For an arbitrary container (substitute your container for list)

double mean = 0.0;
list<double>::iterator cntr, end = cntr.end();
for(it = cntr.begin(); it != end; ++it){
mean += *it;
}
mean = mean / vec.size();
 
F

Flash Gordon

Nick said:
But you shouldn't have exposed your choice of data structure to the
application
level code anyway. It all should have been hidden away behind an
abstraction
anyway. The application wants to add things, remove things and find
things
it shouldn't care if it's an array, a linked list or a relational
database.

It depends. In some cases I'm thinking of we really do hit 100% CPU
utilisation on fairly meaty servers, adding an extra layer of
indirection for frequently accessed objects would probably impact on
performance of the code quite significantly (an extra indirection every
few lines of C code). Because of the frequency of access, there is no
chance of them every being stored in a database (there would be no
chance of getting required performance), by nature of design they are
loaded once at application start up, and then frequently accessed in a
random pattern (some lines of code access specific elements, others loop
over blocks of elements, others select elements based on user entered
data meaning we want the nth element. To me this screams out for using
malloc/realloc on loading the data in to contiguous blocks and then
accessing the required elements using array/pointer access, never tree,
list or database access.
Changeing the container type is not expensive becasue it involves
rewriting
one thin library.

Well, yes, where you are doing certain types of things you do wrap it in
an appropriate library, and then only need to change that one small library.
You may not know how big the system is going to get.

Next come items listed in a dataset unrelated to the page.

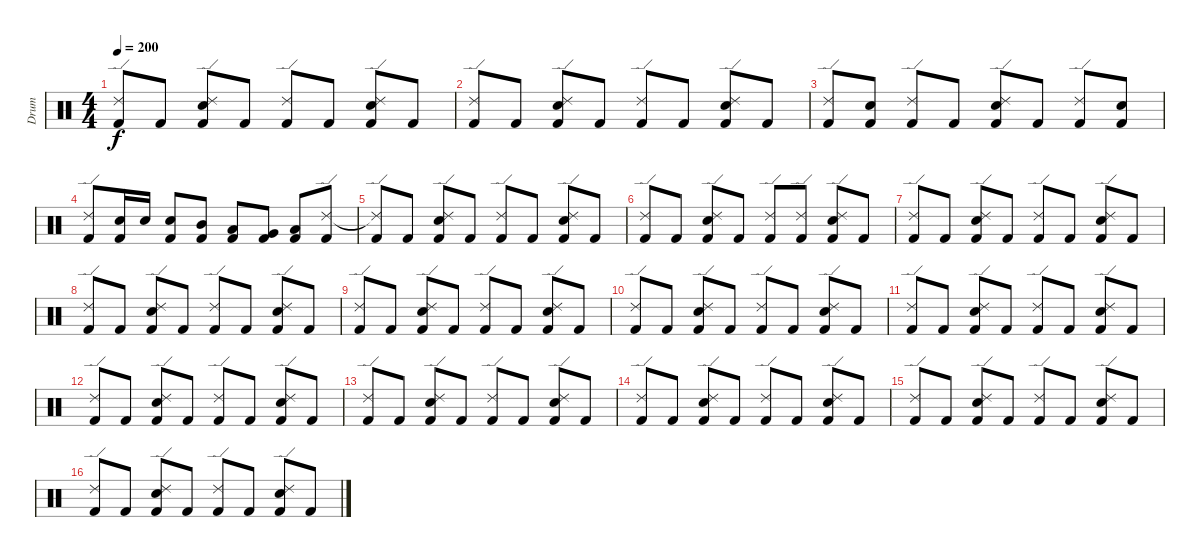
\track ("Drum" "Drum") {instrument percussion}
\staff {score}
\articulation defaults
\ts (4 4)
\tempo 200
\clef neutral
\ks c
("Ride (edge) 2" "Kick (hit) 2").8{dy f} "Kick (hit) 2".8 ("Ride (edge) 2" "Electric Snare (hit)" "Kick (hit) 2").8 "Kick (hit) 2".8 ("Ride (edge) 2" "Kick (hit) 2").8 "Kick (hit) 2".8 ("Ride (edge) 2" "Electric Snare (hit)" "Kick (hit) 2").8 "Kick (hit) 2".8 |
("Ride (edge) 2" "Kick (hit) 2").8 "Kick (hit) 2".8 ("Ride (edge) 2" "Electric Snare (hit)" "Kick (hit) 2").8 "Kick (hit) 2".8 ("Ride (edge) 2" "Kick (hit) 2").8 "Kick (hit) 2".8 ("Ride (edge) 2" "Electric Snare (hit)" "Kick (hit) 2").8 "Kick (hit) 2".8 |
("Ride (edge) 2" "Kick (hit) 2").8 ("Electric Snare (hit)" "Kick (hit) 2").8 ("Ride (edge) 2" "Kick (hit) 2").8 "Kick (hit) 2".8 ("Ride (edge) 2" "Electric Snare (hit)" "Kick (hit) 2").8 "Kick (hit) 2".8 ("Ride (edge) 2" "Kick (hit) 2").8 ("Electric Snare (hit)" "Kick (hit) 2").8 |
("Ride (edge) 2" "Kick (hit) 2").8 ("Electric Snare (hit)" "Kick (hit) 2").16 "Electric Snare (hit)".16 ("Electric Snare (hit)" "Kick (hit) 2").8 ("Mid Tom (hit)" "Kick (hit) 2").8 ("Low Tom (hit)" "Kick (hit) 2").8 ("Very Low Tom (hit)" "Kick (hit) 2").8 ("Low Floor Tom (hit)" "Kick (hit) 2").8 ("Ride (edge) 2" "Kick (hit) 2").8 |
("Ride (edge) 2"{t} "Kick (hit) 2").8 "Kick (hit) 2".8 ("Ride (edge) 2" "Electric Snare (hit)" "Kick (hit) 2").8 "Kick (hit) 2".8 ("Ride (edge) 2" "Kick (hit) 2").8 "Kick (hit) 2".8 ("Ride (edge) 2" "Electric Snare (hit)" "Kick (hit) 2").8 "Kick (hit) 2".8 |
("Ride (edge) 2" "Kick (hit) 2").8 "Kick (hit) 2".8 ("Ride (edge) 2" "Electric Snare (hit)" "Kick (hit) 2").8 "Kick (hit) 2".8 ("Ride (edge) 2" "Kick (hit) 2").8 ("Ride (edge) 2" "Kick (hit) 2").8 ("Ride (edge) 2" "Electric Snare (hit)" "Kick (hit) 2").8 "Kick (hit) 2".8 |
("Ride (edge) 2" "Kick (hit) 2").8 "Kick (hit) 2".8 ("Ride (edge) 2" "Electric Snare (hit)" "Kick (hit) 2").8 "Kick (hit) 2".8 ("Ride (edge) 2" "Kick (hit) 2").8 "Kick (hit) 2".8 ("Ride (edge) 2" "Electric Snare (hit)" "Kick (hit) 2").8 "Kick (hit) 2".8 |
("Ride (edge) 2" "Kick (hit) 2").8 "Kick (hit) 2".8 ("Ride (edge) 2" "Electric Snare (hit)" "Kick (hit) 2").8 "Kick (hit) 2".8 ("Ride (edge) 2" "Kick (hit) 2").8 "Kick (hit) 2".8 ("Ride (edge) 2" "Electric Snare (hit)" "Kick (hit) 2").8 "Kick (hit) 2".8 |
("Ride (edge) 2" "Kick (hit) 2").8 "Kick (hit) 2".8 ("Ride (edge) 2" "Electric Snare (hit)" "Kick (hit) 2").8 "Kick (hit) 2".8 ("Ride (edge) 2" "Kick (hit) 2").8 "Kick (hit) 2".8 ("Ride (edge) 2" "Electric Snare (hit)" "Kick (hit) 2").8 "Kick (hit) 2".8 |
("Ride (edge) 2" "Kick (hit) 2").8 "Kick (hit) 2".8 ("Ride (edge) 2" "Electric Snare (hit)" "Kick (hit) 2").8 "Kick (hit) 2".8 ("Ride (edge) 2" "Kick (hit) 2").8 "Kick (hit) 2".8 ("Ride (edge) 2" "Electric Snare (hit)" "Kick (hit) 2").8 "Kick (hit) 2".8 |
("Ride (edge) 2" "Kick (hit) 2").8 "Kick (hit) 2".8 ("Ride (edge) 2" "Electric Snare (hit)" "Kick (hit) 2").8 "Kick (hit) 2".8 ("Ride (edge) 2" "Kick (hit) 2").8 "Kick (hit) 2".8 ("Ride (edge) 2" "Electric Snare (hit)" "Kick (hit) 2").8 "Kick (hit) 2".8 |
("Ride (edge) 2" "Kick (hit) 2").8 "Kick (hit) 2".8 ("Ride (edge) 2" "Electric Snare (hit)" "Kick (hit) 2").8 "Kick (hit) 2".8 ("Ride (edge) 2" "Kick (hit) 2").8 "Kick (hit) 2".8 ("Ride (edge) 2" "Electric Snare (hit)" "Kick (hit) 2").8 "Kick (hit) 2".8 |
("Ride (edge) 2" "Kick (hit) 2").8 "Kick (hit) 2".8 ("Ride (edge) 2" "Electric Snare (hit)" "Kick (hit) 2").8 "Kick (hit) 2".8 ("Ride (edge) 2" "Kick (hit) 2").8 "Kick (hit) 2".8 ("Ride (edge) 2" "Electric Snare (hit)" "Kick (hit) 2").8 "Kick (hit) 2".8 |
("Ride (edge) 2" "Kick (hit) 2").8 "Kick (hit) 2".8 ("Ride (edge) 2" "Electric Snare (hit)" "Kick (hit) 2").8 "Kick (hit) 2".8 ("Ride (edge) 2" "Kick (hit) 2").8 "Kick (hit) 2".8 ("Ride (edge) 2" "Electric Snare (hit)" "Kick (hit) 2").8 "Kick (hit) 2".8 |
("Ride (edge) 2" "Kick (hit) 2").8 "Kick (hit) 2".8 ("Ride (edge) 2" "Electric Snare (hit)" "Kick (hit) 2").8 "Kick (hit) 2".8 ("Ride (edge) 2" "Kick (hit) 2").8 "Kick (hit) 2".8 ("Ride (edge) 2" "Electric Snare (hit)" "Kick (hit) 2").8 "Kick (hit) 2".8 |
("Ride (edge) 2" "Kick (hit) 2").8 "Kick (hit) 2".8 ("Ride (edge) 2" "Electric Snare (hit)" "Kick (hit) 2").8 "Kick (hit) 2".8 ("Ride (edge) 2" "Kick (hit) 2").8 "Kick (hit) 2".8 ("Ride (edge) 2" "Electric Snare (hit)" "Kick (hit) 2").8 "Kick (hit) 2".8

If your access pattern is that you regularly expect to access the nth
element, where n is a number which can be determined without iterating
over the elements, then I would say that a list is definitely the wrong
structure however small or large your data set is.
Or you may
be concentrating on getting other things right first. If things
are being addded and removed semi-randomly than a balanced tree
may be the right thing but an array ot list might be ok for a first
hack.

If you know what you are doing is a temporary hack then you will
implement it in a way that you can strip it out and replace it.

I've seen an application scale from a handful of thingies (an
important
measure of the system's load) to thousands of thingies. Admittedly
this
was known from the start.

In which case the expected usage was a known range, and I'm sure it was
designed with that in mind.
I think Jacob wants the flexibility in his library. Note even with C++
which has a set of generic containers I would still say hide the
choice
of container from the application code.

As I say, Ive never needed to do such drastic change in data structure.
Whenever I've used a list (single linked, double linked, or something
more strange and complex) that has always need what it has needed to
stay as. I've occasionally had to move something from being an array to
being an allocated block, but with the magic of C that just changes
things at the points of creation and destruction, but the code accessing
it is unchanged.

flexible arrays can be nice. I'd hide the malloc() in a library.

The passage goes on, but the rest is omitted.